Myth Busted: There are numerous monetary, regulatory, aesthetic, and flood-control benefits to implementing green infrastructure BMPs as opposed to conventional gray infrastructure techniques. One of the biggest incentives is that decentralized stormwater management systems often free up more land than the traditional large-basin stormwater management methods. Also, due to the performance characteristics of green infrastructure BMPs, developers can satisfy the post-development stormwater management requirements of local ordinances and the state’s stormwater regulations more readily. Also, as previously noted, the aesthetic and passive recreational attributes of many green infrastructure BMPs can increase property values and community attractiveness. Finally, the long-term maintenance costs of green infrastructure BMPs are no greater, and in most cases are actually less, than conventional gray stormwater management practices.
FACTS: Green infrastructure stormwater best management practices (BMPs) can be implemented in rural or urban settings, as part of new land development projects or as part of site redevelopment projects. However, green infrastructure BMPs have proven to be especially effective in correcting stormwater problems (rate, quality, volume and recharge) in urban settings.

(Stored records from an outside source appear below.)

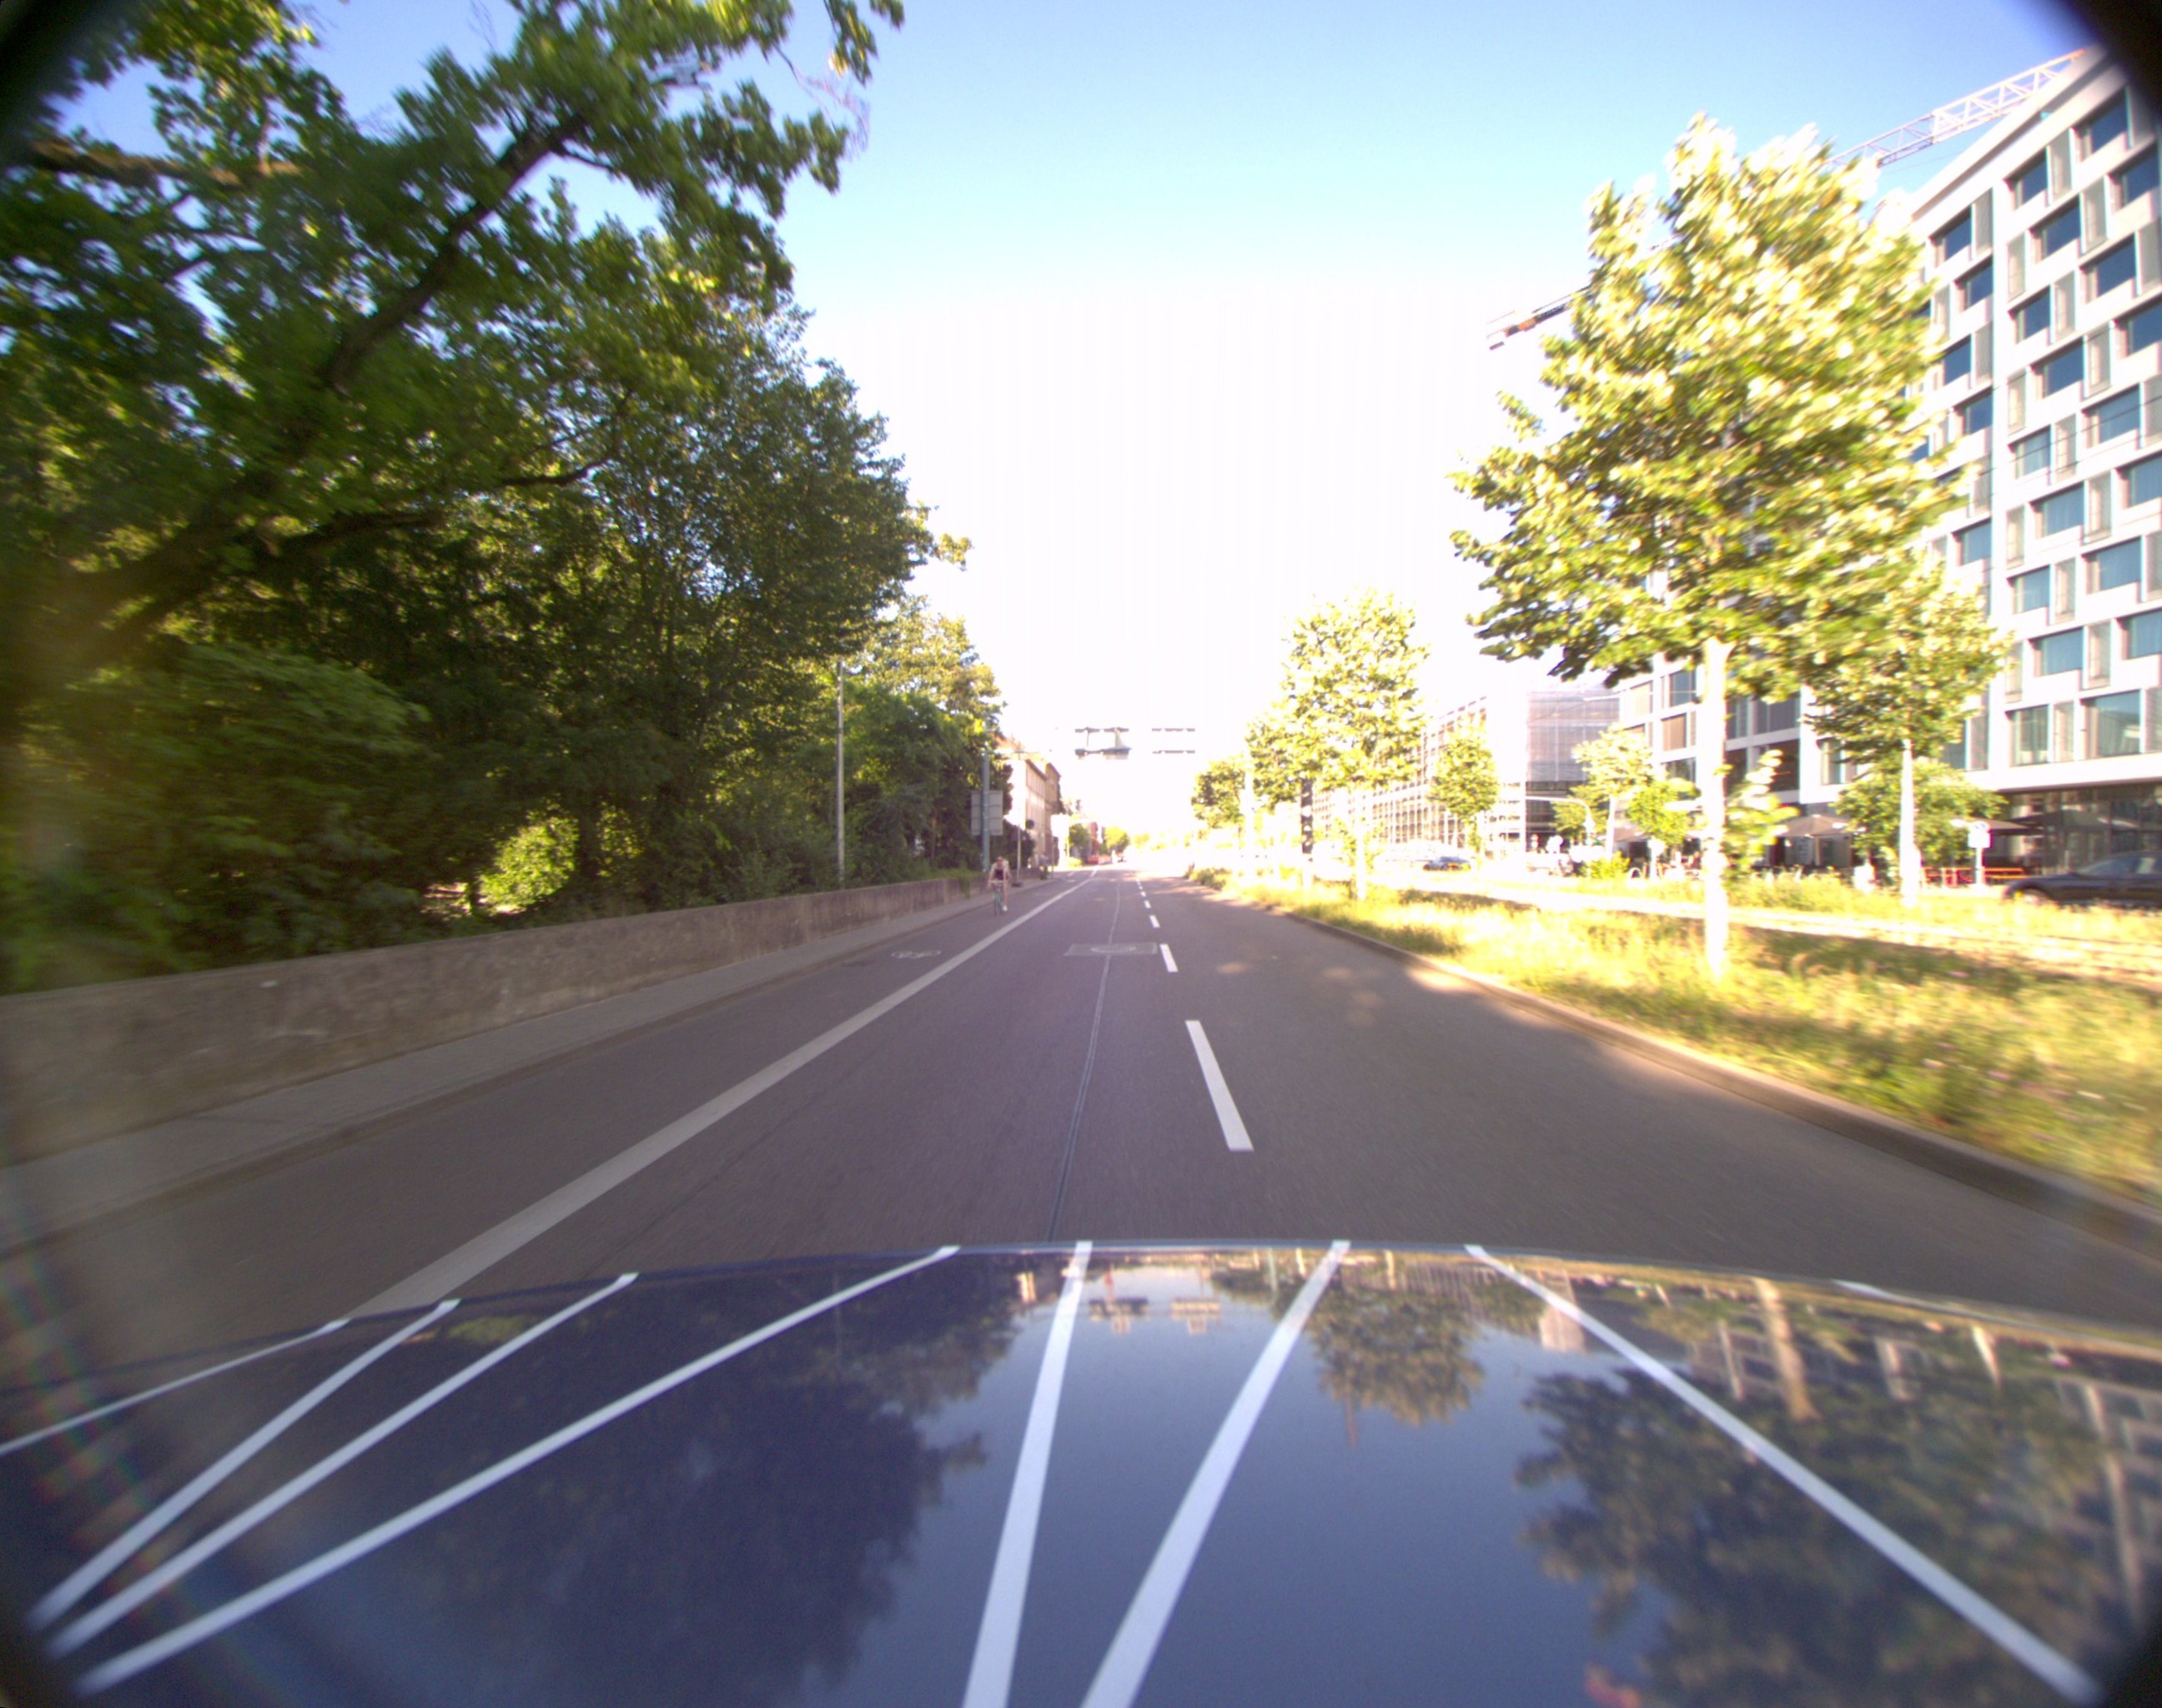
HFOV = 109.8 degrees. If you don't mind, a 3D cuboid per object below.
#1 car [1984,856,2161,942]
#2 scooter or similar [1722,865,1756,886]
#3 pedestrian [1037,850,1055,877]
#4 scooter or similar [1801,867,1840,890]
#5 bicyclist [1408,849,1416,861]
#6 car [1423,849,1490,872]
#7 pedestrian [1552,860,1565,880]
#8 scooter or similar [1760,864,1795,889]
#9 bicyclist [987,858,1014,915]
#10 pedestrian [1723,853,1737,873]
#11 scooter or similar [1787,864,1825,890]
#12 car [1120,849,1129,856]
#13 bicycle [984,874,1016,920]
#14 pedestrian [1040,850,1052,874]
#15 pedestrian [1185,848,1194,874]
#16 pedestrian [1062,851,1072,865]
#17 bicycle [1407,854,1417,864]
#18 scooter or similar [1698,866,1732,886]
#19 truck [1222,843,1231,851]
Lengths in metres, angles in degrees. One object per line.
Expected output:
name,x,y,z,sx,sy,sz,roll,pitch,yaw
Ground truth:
car,23.018,0.928,16.155,1.889,1.679,5.091,-1,0,5
scooter or similar,32.827,1.065,37.903,1.246,1.013,0.435,0,1,4
pedestrian,-2.383,0.648,52.071,0.861,1.792,0.905,1,1,-31
scooter or similar,32.465,1.065,33.371,1.246,1.013,0.435,0,1,4
bicyclist,37.935,0.121,87.071,0.626,1.456,0.851,0,1,10
car,22.973,0.348,46.693,1.895,1.336,4.851,0,0,3
pedestrian,35.748,1.162,56.894,0.587,1.490,0.577,0,1,2
scooter or similar,33.021,1.066,36.019,1.246,1.165,0.406,0,1,4
bicyclist,-2.133,0.845,20.187,0.553,1.482,1.081,0,0,3
pedestrian,41.513,0.573,48.607,0.432,1.215,0.497,0,1,4
scooter or similar,32.880,1.040,34.469,1.246,1.165,0.406,0,1,4
car,9.678,-0.362,169.036,1.998,1.696,4.000,0,1,3
bicycle,-2.135,1.113,20.187,0.522,1.091,1.843,-2,0,3
pedestrian,-2.427,0.580,52.707,0.768,1.627,0.769,2,1,-6
pedestrian,7.309,0.464,51.082,0.599,1.689,0.714,0,1,9
pedestrian,-1.698,0.425,89.746,0.924,1.639,0.767,0,1,34
bicycle,37.952,0.555,87.095,0.626,1.060,2.079,0,1,10
scooter or similar,32.897,1.162,39.430,1.246,1.013,0.511,0,1,4
truck,46.281,-2.153,241.540,2.142,2.559,4.741,0,0,5
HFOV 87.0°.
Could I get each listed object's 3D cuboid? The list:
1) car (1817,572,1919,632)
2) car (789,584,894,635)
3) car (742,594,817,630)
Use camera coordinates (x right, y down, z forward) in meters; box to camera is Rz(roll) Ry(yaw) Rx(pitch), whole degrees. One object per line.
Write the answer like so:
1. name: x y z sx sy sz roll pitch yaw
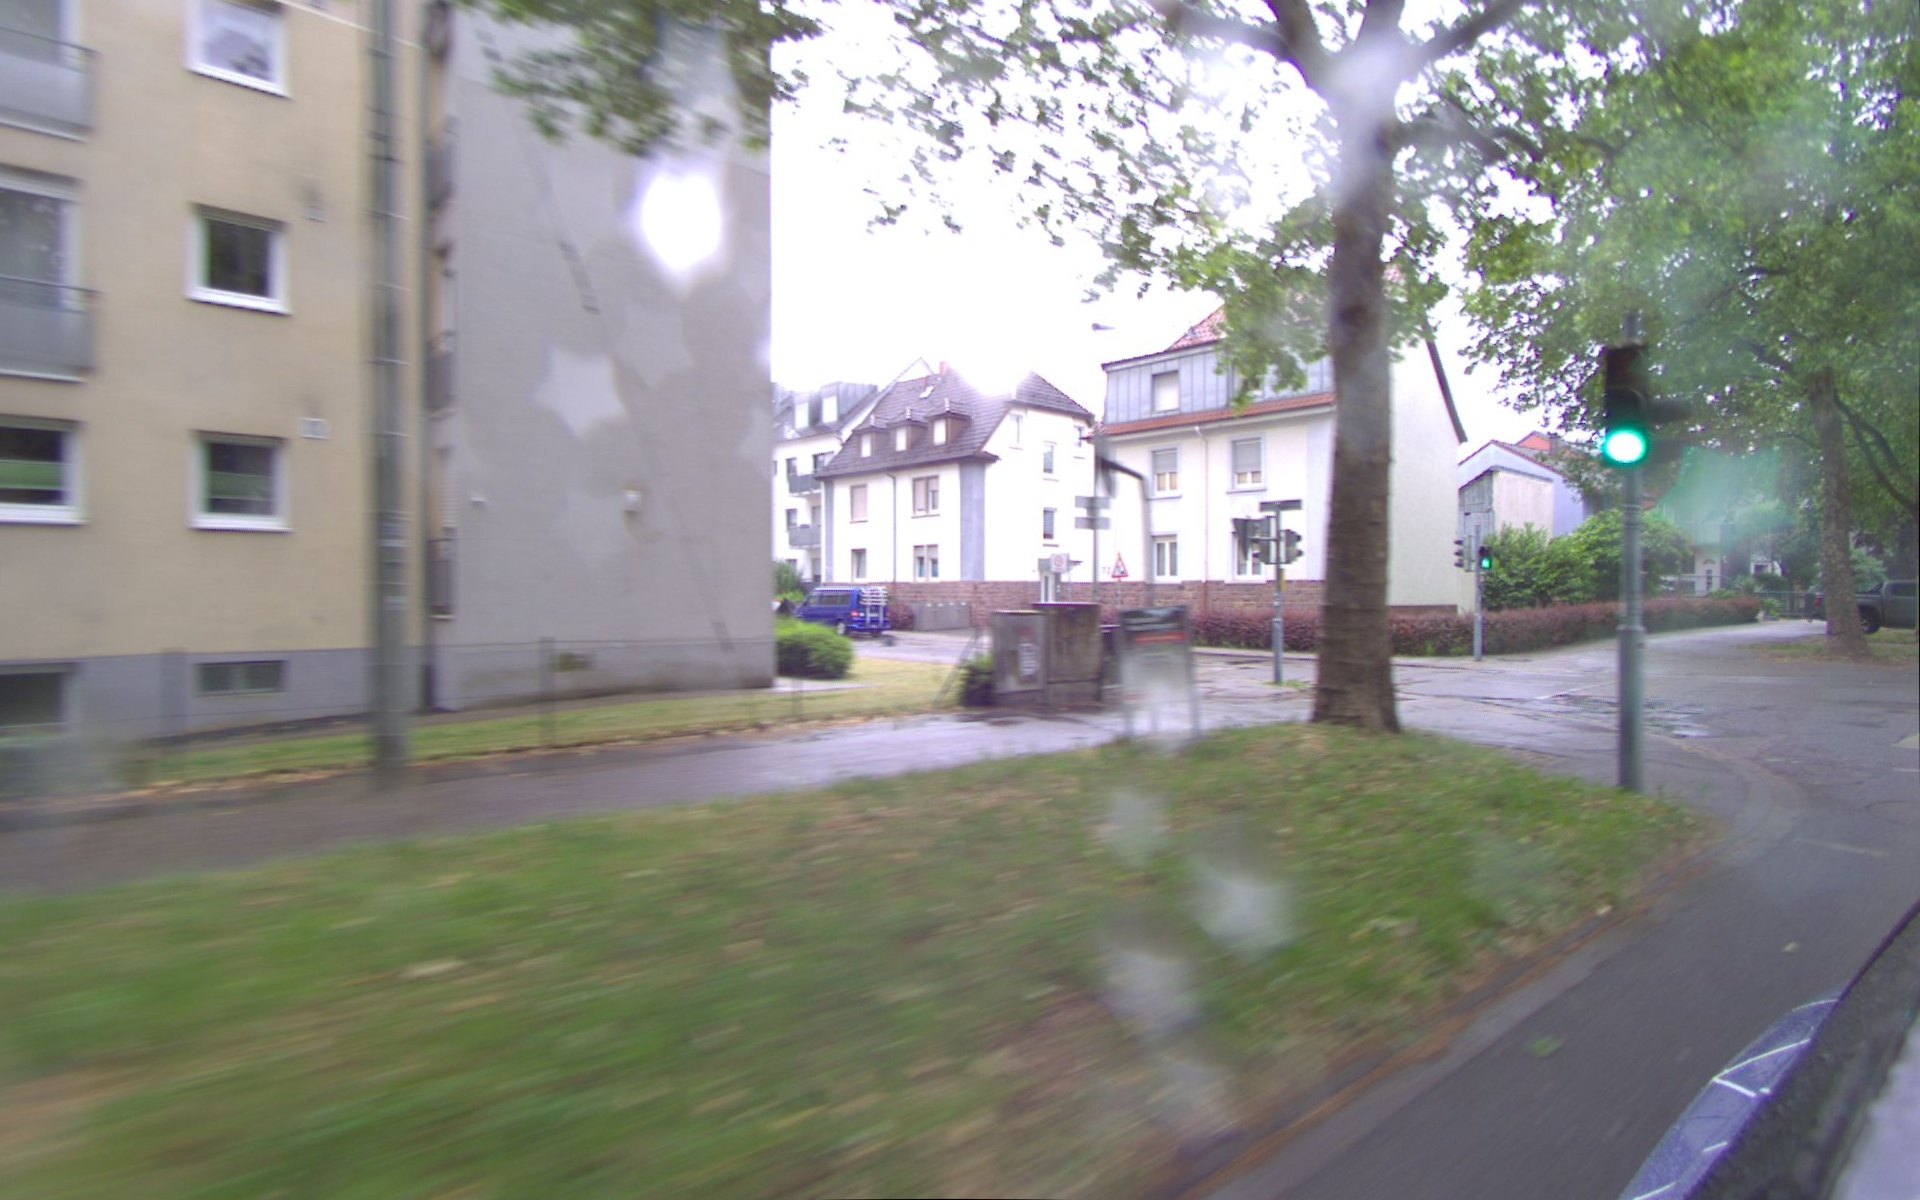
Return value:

Thus, green infrastructure BMPs are often associated with urban sites, especially urban redevelopment projects.
In general, green infrastructure stormwater management techniques can be thought of as de-centralized BMPs that rely on capturing and managing runoff close to its point of generation. This is in contrast to conventional stormwater management techniques designed to collect and channel runoff to large basins.
Therefore, although some of the best-known examples of green infrastructure BMP implementation involve retrofits and the integration of green infrastructure BMPs into existing conventional stormwater collection systems (Philadelphia, Portland, Milwaukee and Seattle), green infrastructure BMPs are especially well suited for implementation as part of new developments. Green infrastructure BMPs may satisfy NJDEP’s water quantity, water quality and groundwater recharge standards if an installation is designed in accordance with NJDEP’s BMP manual. New Jersey Future’s New Jersey Developers’ Green Infrastructure Guide provides examples of green infrastructure BMP applications for small-lot and large-lot developments for both new-development and redevelopment scenarios.
On March 2, 2021, important changes to the state’s stormwater management rules (NJAC 7:8) went into effect.
These amendments have been in the works for years. They include a requirement that new developments must use green infrastructure to meet stormwater management standards for water quality, groundwater recharge and quantity control.